The Poisson regression model is a good choice but requires equality between the mean and variance (\(Var(Y) = E(Y)\)).
The Negative binomial model:
In real world, the observed variance in count data is significantly larger than the mean, which called overdispersion. The NB-GLM can introduce a dispersion parameter (\(\alpha\)) to allow the variance to be greater than the mean.
\[ Var(Y)=\mu+\alpha\mu^2 \]
The dispersion parameter α is estimated from the data. If the data has no overdispersion, α will be estimated near zero, and the NB model effectively **converges to the Poisson model**. This makes it a flexible and safe choice.Simulation Scenarios:
- batch covariate without actual batch effects, meaning the batch variable simply represents sequencing groups without influencing the data.

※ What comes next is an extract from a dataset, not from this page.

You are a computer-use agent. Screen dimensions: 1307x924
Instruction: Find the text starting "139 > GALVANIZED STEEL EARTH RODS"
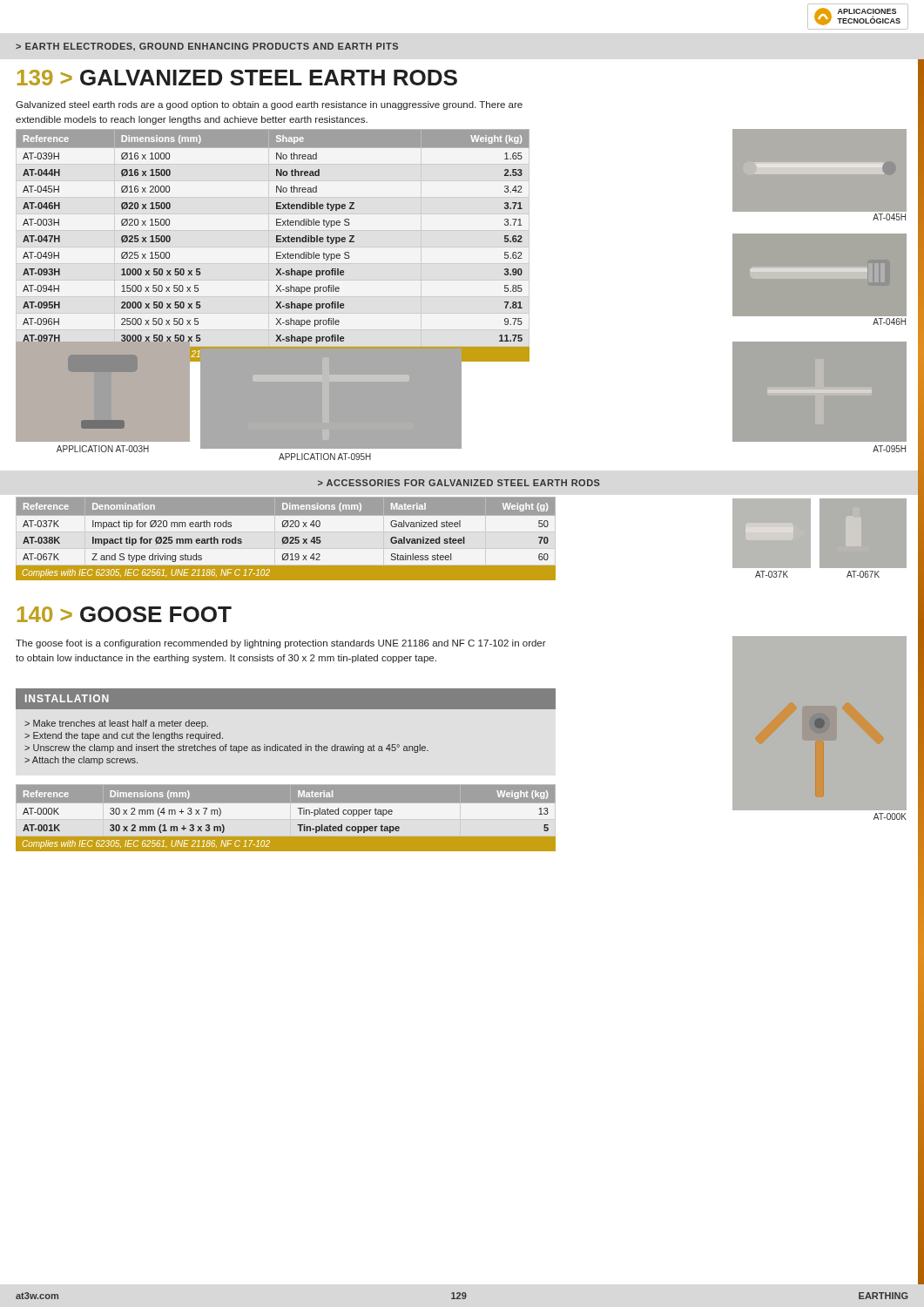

- batch covariate with random batch effects, meaning it represents sequencing groups while simultaneously introducing unwanted and irregular systemic bias across different batches.
- batch covariate with linear batch effects and shuffled, meaning it represents sequencing groups while simultaneously introducing a linearly increasing systemic bias (e.g. simulating reagent loss or other technical drifts. as sequencing progresses). But this scenario can be easily adjusted by modeling batch as a numeric variable, so we further shuffled a proportion of cells across batches to generate a more complex batch structure.
Batch Variable Types in Model
- batch as categorical variable
- batch as numeric variable
- top 20 principle components (PCs) from non-targeting cells across batches
- top 20 sparse PLS-DA (Partial Least-Squares Discriminant Analysis) components from non-targeting cells across batches
- top 20 PCs from dummy batch matrix (bPC)
Notes: (The components derived from PLS-DA capture variance that is primarily driven by batch effects;
sPLS-DA is more effective and fast for high-dimensional expression matrix.)
Gene Expression Count Matrix
- No. of genes: 100
- proportion of differential genes: 0.1 (10 genes)
- No. of cells: 6000
- Prop. of targeting cells: 0.3 (1800 cells)
- No. of batches: 30
- Ratio of targeting and non-targeting cells in each batch: (60:140)
- No. of PCs / PLS / bPCs: 20
Evaluation index
- Type I error in null genes (excluding DE genes)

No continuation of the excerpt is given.